■ TASK BRIEF ■
Print the listing below a second time, exactly, and omit its images.

----

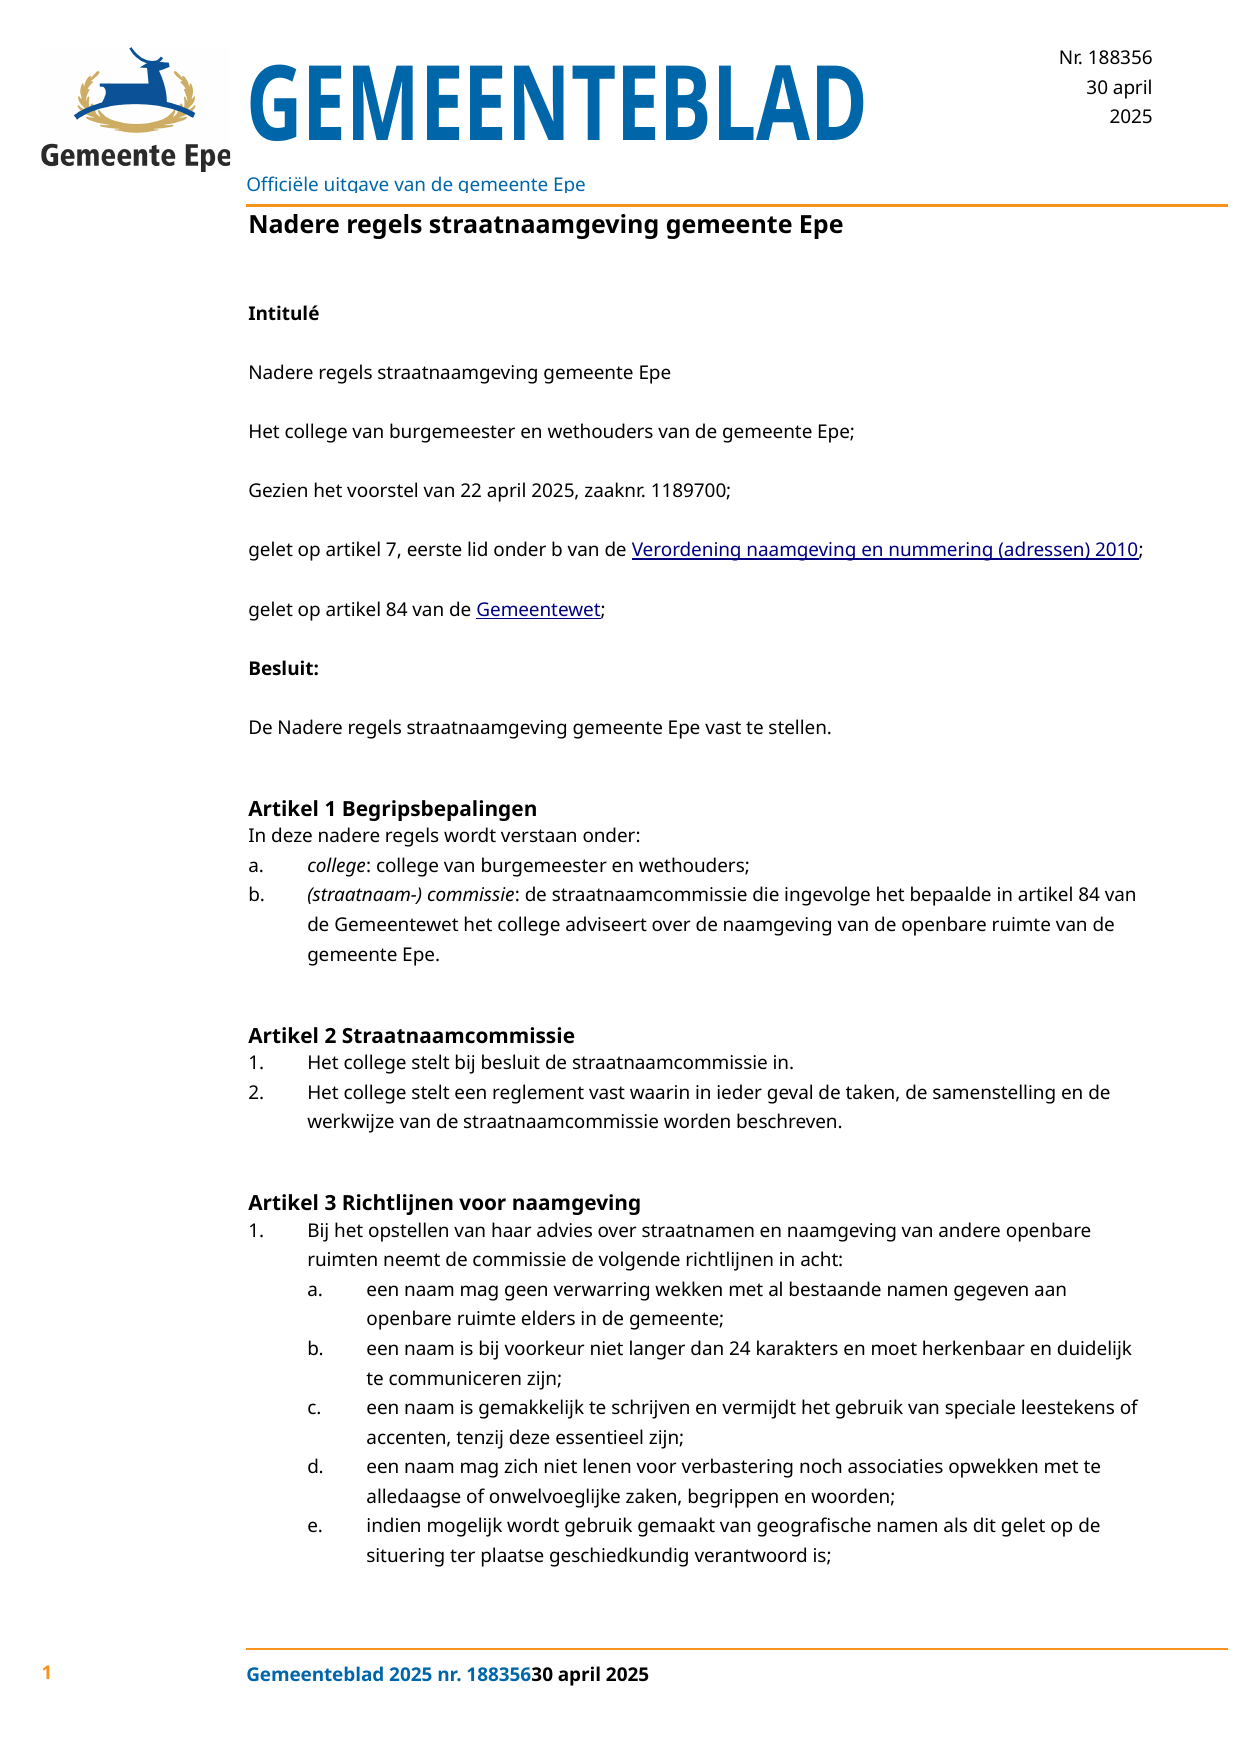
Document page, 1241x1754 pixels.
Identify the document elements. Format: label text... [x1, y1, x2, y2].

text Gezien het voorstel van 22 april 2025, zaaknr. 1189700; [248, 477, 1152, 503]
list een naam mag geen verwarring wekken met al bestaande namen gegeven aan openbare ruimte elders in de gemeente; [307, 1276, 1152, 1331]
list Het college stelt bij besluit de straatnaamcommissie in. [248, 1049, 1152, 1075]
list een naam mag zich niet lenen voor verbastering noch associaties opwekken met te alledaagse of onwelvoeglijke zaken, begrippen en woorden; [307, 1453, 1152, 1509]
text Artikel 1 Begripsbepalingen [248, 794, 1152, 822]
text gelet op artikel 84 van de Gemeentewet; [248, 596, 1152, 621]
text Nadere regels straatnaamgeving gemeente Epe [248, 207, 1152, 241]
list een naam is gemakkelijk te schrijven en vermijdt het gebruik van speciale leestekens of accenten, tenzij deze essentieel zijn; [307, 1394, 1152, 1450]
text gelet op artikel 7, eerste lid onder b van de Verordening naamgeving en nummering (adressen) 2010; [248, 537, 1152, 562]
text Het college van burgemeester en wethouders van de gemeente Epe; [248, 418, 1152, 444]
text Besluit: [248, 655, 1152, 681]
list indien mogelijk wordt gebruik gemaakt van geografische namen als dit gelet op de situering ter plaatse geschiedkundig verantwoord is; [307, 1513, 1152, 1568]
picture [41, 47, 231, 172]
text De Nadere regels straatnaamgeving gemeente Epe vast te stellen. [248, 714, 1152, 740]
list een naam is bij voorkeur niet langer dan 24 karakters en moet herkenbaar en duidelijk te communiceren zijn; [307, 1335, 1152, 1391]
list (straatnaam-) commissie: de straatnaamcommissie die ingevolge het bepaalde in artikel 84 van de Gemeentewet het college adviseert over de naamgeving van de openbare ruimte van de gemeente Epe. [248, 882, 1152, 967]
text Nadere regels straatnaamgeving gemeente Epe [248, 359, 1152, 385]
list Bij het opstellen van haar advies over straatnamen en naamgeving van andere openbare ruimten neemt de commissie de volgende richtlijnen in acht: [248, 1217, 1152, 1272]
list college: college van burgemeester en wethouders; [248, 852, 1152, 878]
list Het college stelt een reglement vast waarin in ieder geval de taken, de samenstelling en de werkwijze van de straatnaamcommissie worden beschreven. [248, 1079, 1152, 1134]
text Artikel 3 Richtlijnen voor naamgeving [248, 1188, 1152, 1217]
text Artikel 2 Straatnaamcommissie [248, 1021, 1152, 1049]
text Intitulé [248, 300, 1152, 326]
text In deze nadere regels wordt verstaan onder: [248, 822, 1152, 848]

----

■ RESPONSE BELOW ■
Document page, 1241x1754 pixels.
Identify the document elements. Format: label text... [x1, y1, x2, y2].

text Gezien het voorstel van 22 april 2025, zaaknr. 1189700; [248, 477, 1152, 503]
list een naam mag geen verwarring wekken met al bestaande namen gegeven aan openbare ruimte elders in de gemeente; [307, 1276, 1152, 1331]
list Het college stelt bij besluit de straatnaamcommissie in. [248, 1049, 1152, 1075]
list een naam mag zich niet lenen voor verbastering noch associaties opwekken met te alledaagse of onwelvoeglijke zaken, begrippen en woorden; [307, 1453, 1152, 1509]
text Artikel 1 Begripsbepalingen [248, 794, 1152, 822]
text gelet op artikel 84 van de Gemeentewet; [248, 596, 1152, 621]
text Nadere regels straatnaamgeving gemeente Epe [248, 207, 1152, 241]
list een naam is gemakkelijk te schrijven en vermijdt het gebruik van speciale leestekens of accenten, tenzij deze essentieel zijn; [307, 1394, 1152, 1450]
text gelet op artikel 7, eerste lid onder b van de Verordening naamgeving en nummering (adressen) 2010; [248, 537, 1152, 562]
text Het college van burgemeester en wethouders van de gemeente Epe; [248, 418, 1152, 444]
text Besluit: [248, 655, 1152, 681]
list indien mogelijk wordt gebruik gemaakt van geografische namen als dit gelet op de situering ter plaatse geschiedkundig verantwoord is; [307, 1513, 1152, 1568]
picture [41, 47, 231, 172]
text De Nadere regels straatnaamgeving gemeente Epe vast te stellen. [248, 714, 1152, 740]
list een naam is bij voorkeur niet langer dan 24 karakters en moet herkenbaar en duidelijk te communiceren zijn; [307, 1335, 1152, 1391]
list (straatnaam-) commissie: de straatnaamcommissie die ingevolge het bepaalde in artikel 84 van de Gemeentewet het college adviseert over de naamgeving van de openbare ruimte van de gemeente Epe. [248, 882, 1152, 967]
text Nadere regels straatnaamgeving gemeente Epe [248, 359, 1152, 385]
list Bij het opstellen van haar advies over straatnamen en naamgeving van andere openbare ruimten neemt de commissie de volgende richtlijnen in acht: [248, 1217, 1152, 1272]
list college: college van burgemeester en wethouders; [248, 852, 1152, 878]
list Het college stelt een reglement vast waarin in ieder geval de taken, de samenstelling en de werkwijze van de straatnaamcommissie worden beschreven. [248, 1079, 1152, 1134]
text Artikel 3 Richtlijnen voor naamgeving [248, 1188, 1152, 1217]
text Artikel 2 Straatnaamcommissie [248, 1021, 1152, 1049]
text Intitulé [248, 300, 1152, 326]
text In deze nadere regels wordt verstaan onder: [248, 822, 1152, 848]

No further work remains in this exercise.